Work instruction: Output the entries exactly as they appear. Pictures should not be included.

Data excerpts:
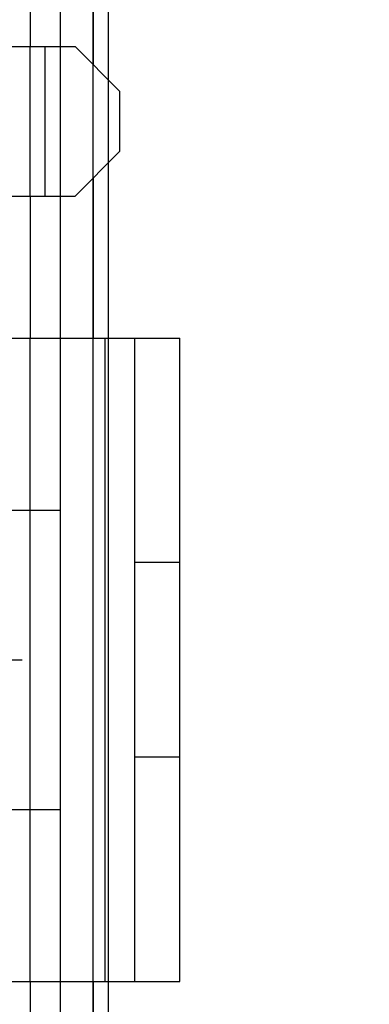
# Model space of a CAD drawing. Header units: millimetres. Extents: x 0 to 210, y 0 to 297.
# Tile 17 of 21: x 148.28 to 148.942, y 157.749 to 159.614. Entities that reach past the tile are written whole.
import ezdxf
from ezdxf.enums import TextEntityAlignment as Align

# ---------------------------------------------------------------- set-up
doc = ezdxf.new("R2010")
doc.units = ezdxf.units.MM
doc.header["$LTSCALE"] = 19.36
doc.linetypes.add('CENTER', pattern=[0.6, 0.375, -0.075, 0.075, -0.075])
doc.linetypes.add('HIDDEN', pattern=[0.2, 0.1, -0.1])
doc.layers.get('0').update_dxf_attribs({"linetype": 'CONTINUOUS'})
for name, color, linetype in [('DEFAULT_2', 8, 'HIDDEN'), ('Z_AXIS', 7, 'CONTINUOUS'), ('Z_DIM_2D', 7, 'CONTINUOUS')]:
    doc.layers.add(name, color=color, linetype=linetype)
doc.styles.add('TEXTSTYLE_3', font='tridonic-metric-print-light.otf')
doc.styles.add('TEXTSTYLE_4', font='gdt', dxfattribs={"width": 0.7})
doc.dimstyles.new('DIMSTYLE_5', dxfattribs={"dimtxt": 2.2, "dimasz": 3.5, "dimexe": 1.5, "dimexo": 0, "dimgap": 0.55, "dimtad": 1, "dimdec": 0, "dimlfac": 3.529412, "dimdsep": 46, "dimtxsty": 'TEXTSTYLE_3', "dimcen": 0.09, "dimclrt": 5, "dimadec": 0, "dimazin": 2, "dimtp": 0.2, "dimtm": 0.2, "dimtfac": 1, "dimtdec": 0, "dimtofl": 0, "dimtmove": 0, "dimatfit": 3, "dimfxl": 0, "dimtolj": 1, "dimarcsym": 0})

# ---------------------------------------------------------------- blocks, each defined once
blk = doc.blocks.new('*D7')
at = {"layer": 'Z_DIM_2D', "color": 2, "linetype": 'Continuous', "transparency": 16777216}
for p, q in [((141.1741, 164.3623), (144.7965, 164.3623)), ((148.4189, 164.3623), (144.7965, 164.3623)), ((141.1741, 141.4335), (141.1741, 163.8123)), ((148.4189, 139.836), (148.4189, 163.8123))]:
    blk.add_line(p, q, dxfattribs=at)
at = {"layer": 'Z_DIM_2D', "color": 5, "linetype": 'Continuous', "transparency": 16777216}
for s, style, p in [('`', 'TEXTSTYLE_4', (143.2159, 164.9123)), (' (24', 'TEXTSTYLE_3', (139.2639, 164.9123)), ('1.5)  ', 'TEXTSTYLE_3', (147.5123, 164.9123)), ('26', 'TEXTSTYLE_3', (134.9452, 164.9123))]:
    blk.add_text(s, height=2.2, dxfattribs=dict(at, style=style)).set_placement(p, align=Align.CENTER)
blk = doc.blocks.new('_NONE')

msp = doc.modelspace()

# ---------------------------------------------------------------- linework, layer by layer
at = {"color": 7, "linetype": 'Continuous'}
for p, q in [((148.2999, 159.8179), (148.2999, 159.5629)), ((148.4189, 159.6693), (148.4189, 159.5289)), ((148.4473, 159.6693), (148.4473, 159.5006)), ((146.8266, 159.5629), (148.3849, 159.5629)), ((148.4699, 159.4779), (148.3849, 159.5629)), ((148.4699, 159.3646), (148.4699, 159.4779)), ((148.3849, 159.2796), (148.4699, 159.3646)), ((148.4473, 159.3419), (148.4473, 159.0104)), ((148.4189, 159.3136), (148.4189, 159.0104)), ((148.1016, 159.2796), (148.3849, 159.2796)), ((148.2999, 159.2796), (148.2999, 159.0104)), ((148.1299, 159.0104), (148.5833, 159.0104)), ((148.2999, 157.7921), (148.2999, 159.0104)), ((148.4416, 157.7921), (148.4416, 159.0104)), ((148.4983, 157.7921), (148.4983, 159.0104)), ((148.5833, 157.7921), (148.5833, 159.0104)), ((148.5833, 158.5854), (148.4983, 158.5854)), ((148.5833, 158.2171), (148.4983, 158.2171)), ((148.1299, 157.7921), (148.5833, 157.7921)), ((148.2999, 157.7921), (148.2999, 157.5229)), ((148.4189, 157.7921), (148.4189, 157.4889)), ((148.4473, 157.7921), (148.4473, 157.4606))]:
    msp.add_line(p, q, dxfattribs=at)
at = {"layer": 'DEFAULT_2', "color": 8, "linetype": 'HIDDEN'}
for p, q in [((148.3566, 159.6693), (148.3566, 157.1374)), ((148.2999, 159.2796), (148.2999, 159.5629)), ((148.3283, 159.2796), (148.3283, 159.5629)), ((148.4189, 159.3136), (148.4189, 159.5289)), ((148.4473, 159.5006), (148.4473, 159.3419)), ((148.4189, 157.7921), (148.4189, 159.0104)), ((148.4473, 159.0104), (148.4473, 157.7921)), ((148.2149, 158.6846), (148.3566, 158.6846)), ((148.2149, 158.1179), (148.3566, 158.1179))]:
    msp.add_line(p, q, dxfattribs=at)
at = {"layer": 'Z_AXIS', "color": 7, "linetype": 'CENTER'}
msp.add_line((141.0249, 158.4013), (150.8997, 158.4013), dxfattribs=at)

# ---------------------------------------------------------------- dimensions: what is measured, and where the dimension line sits
at = {"layer": 'Z_DIM_2D', "color": 2, "linetype": 'Continuous'}
dim = msp.add_linear_dim(base=(148.4189, 164.3623), p1=(141.1741, 141.4335), p2=(148.4189, 139.836), text='<> (24%%p1.5)  ', dimstyle='DIMSTYLE_5', override={"dimblk1": 'NONE', "dimblk2": 'NONE', "dimsah": 1}, dxfattribs=at)
dim.commit()
dim.dimension.update_dxf_attribs({"geometry": '*D7', "text_midpoint": (141.9103, 164.3623), "dimtype": 160})

doc.saveas('drawing.dxf')

Written solution:
# Model space of a CAD drawing. Header units: millimetres. Extents: x 0 to 210, y 0 to 297.
# Tile 17 of 21: x 148.28 to 148.942, y 157.749 to 159.614. Entities that reach past the tile are written whole.
import ezdxf
from ezdxf.enums import TextEntityAlignment as Align

# ---------------------------------------------------------------- set-up
doc = ezdxf.new("R2010")
doc.units = ezdxf.units.MM
doc.header["$LTSCALE"] = 19.36
doc.linetypes.add('CENTER', pattern=[0.6, 0.375, -0.075, 0.075, -0.075])
doc.linetypes.add('HIDDEN', pattern=[0.2, 0.1, -0.1])
doc.layers.get('0').update_dxf_attribs({"linetype": 'CONTINUOUS'})
for name, color, linetype in [('DEFAULT_2', 8, 'HIDDEN'), ('Z_AXIS', 7, 'CONTINUOUS'), ('Z_DIM_2D', 7, 'CONTINUOUS')]:
    doc.layers.add(name, color=color, linetype=linetype)
doc.styles.add('TEXTSTYLE_3', font='tridonic-metric-print-light.otf')
doc.styles.add('TEXTSTYLE_4', font='gdt', dxfattribs={"width": 0.7})
doc.dimstyles.new('DIMSTYLE_5', dxfattribs={"dimtxt": 2.2, "dimasz": 3.5, "dimexe": 1.5, "dimexo": 0, "dimgap": 0.55, "dimtad": 1, "dimdec": 0, "dimlfac": 3.529412, "dimdsep": 46, "dimtxsty": 'TEXTSTYLE_3', "dimcen": 0.09, "dimclrt": 5, "dimadec": 0, "dimazin": 2, "dimtp": 0.2, "dimtm": 0.2, "dimtfac": 1, "dimtdec": 0, "dimtofl": 0, "dimtmove": 0, "dimatfit": 3, "dimfxl": 0, "dimtolj": 1, "dimarcsym": 0})

# ---------------------------------------------------------------- blocks, each defined once
blk = doc.blocks.new('*D7')
at = {"layer": 'Z_DIM_2D', "color": 2, "linetype": 'Continuous', "transparency": 16777216}
for p, q in [((141.1741, 164.3623), (144.7965, 164.3623)), ((148.4189, 164.3623), (144.7965, 164.3623)), ((141.1741, 141.4335), (141.1741, 163.8123)), ((148.4189, 139.836), (148.4189, 163.8123))]:
    blk.add_line(p, q, dxfattribs=at)
at = {"layer": 'Z_DIM_2D', "color": 5, "linetype": 'Continuous', "transparency": 16777216}
for s, style, p in [('`', 'TEXTSTYLE_4', (143.2159, 164.9123)), (' (24', 'TEXTSTYLE_3', (139.2639, 164.9123)), ('1.5)  ', 'TEXTSTYLE_3', (147.5123, 164.9123)), ('26', 'TEXTSTYLE_3', (134.9452, 164.9123))]:
    blk.add_text(s, height=2.2, dxfattribs=dict(at, style=style)).set_placement(p, align=Align.CENTER)
blk = doc.blocks.new('_NONE')

msp = doc.modelspace()

# ---------------------------------------------------------------- linework, layer by layer
at = {"color": 7, "linetype": 'Continuous'}
for p, q in [((148.2999, 159.8179), (148.2999, 159.5629)), ((148.4189, 159.6693), (148.4189, 159.5289)), ((148.4473, 159.6693), (148.4473, 159.5006)), ((146.8266, 159.5629), (148.3849, 159.5629)), ((148.4699, 159.4779), (148.3849, 159.5629)), ((148.4699, 159.3646), (148.4699, 159.4779)), ((148.3849, 159.2796), (148.4699, 159.3646)), ((148.4473, 159.3419), (148.4473, 159.0104)), ((148.4189, 159.3136), (148.4189, 159.0104)), ((148.1016, 159.2796), (148.3849, 159.2796)), ((148.2999, 159.2796), (148.2999, 159.0104)), ((148.1299, 159.0104), (148.5833, 159.0104)), ((148.2999, 157.7921), (148.2999, 159.0104)), ((148.4416, 157.7921), (148.4416, 159.0104)), ((148.4983, 157.7921), (148.4983, 159.0104)), ((148.5833, 157.7921), (148.5833, 159.0104)), ((148.5833, 158.5854), (148.4983, 158.5854)), ((148.5833, 158.2171), (148.4983, 158.2171)), ((148.1299, 157.7921), (148.5833, 157.7921)), ((148.2999, 157.7921), (148.2999, 157.5229)), ((148.4189, 157.7921), (148.4189, 157.4889)), ((148.4473, 157.7921), (148.4473, 157.4606))]:
    msp.add_line(p, q, dxfattribs=at)
at = {"layer": 'DEFAULT_2', "color": 8, "linetype": 'HIDDEN'}
for p, q in [((148.3566, 159.6693), (148.3566, 157.1374)), ((148.2999, 159.2796), (148.2999, 159.5629)), ((148.3283, 159.2796), (148.3283, 159.5629)), ((148.4189, 159.3136), (148.4189, 159.5289)), ((148.4473, 159.5006), (148.4473, 159.3419)), ((148.4189, 157.7921), (148.4189, 159.0104)), ((148.4473, 159.0104), (148.4473, 157.7921)), ((148.2149, 158.6846), (148.3566, 158.6846)), ((148.2149, 158.1179), (148.3566, 158.1179))]:
    msp.add_line(p, q, dxfattribs=at)
at = {"layer": 'Z_AXIS', "color": 7, "linetype": 'CENTER'}
msp.add_line((141.0249, 158.4013), (150.8997, 158.4013), dxfattribs=at)

# ---------------------------------------------------------------- dimensions: what is measured, and where the dimension line sits
at = {"layer": 'Z_DIM_2D', "color": 2, "linetype": 'Continuous'}
dim = msp.add_linear_dim(base=(148.4189, 164.3623), p1=(141.1741, 141.4335), p2=(148.4189, 139.836), text='<> (24%%p1.5)  ', dimstyle='DIMSTYLE_5', override={"dimblk1": 'NONE', "dimblk2": 'NONE', "dimsah": 1}, dxfattribs=at)
dim.commit()
dim.dimension.update_dxf_attribs({"geometry": '*D7', "text_midpoint": (141.9103, 164.3623), "dimtype": 160})

doc.saveas('drawing.dxf')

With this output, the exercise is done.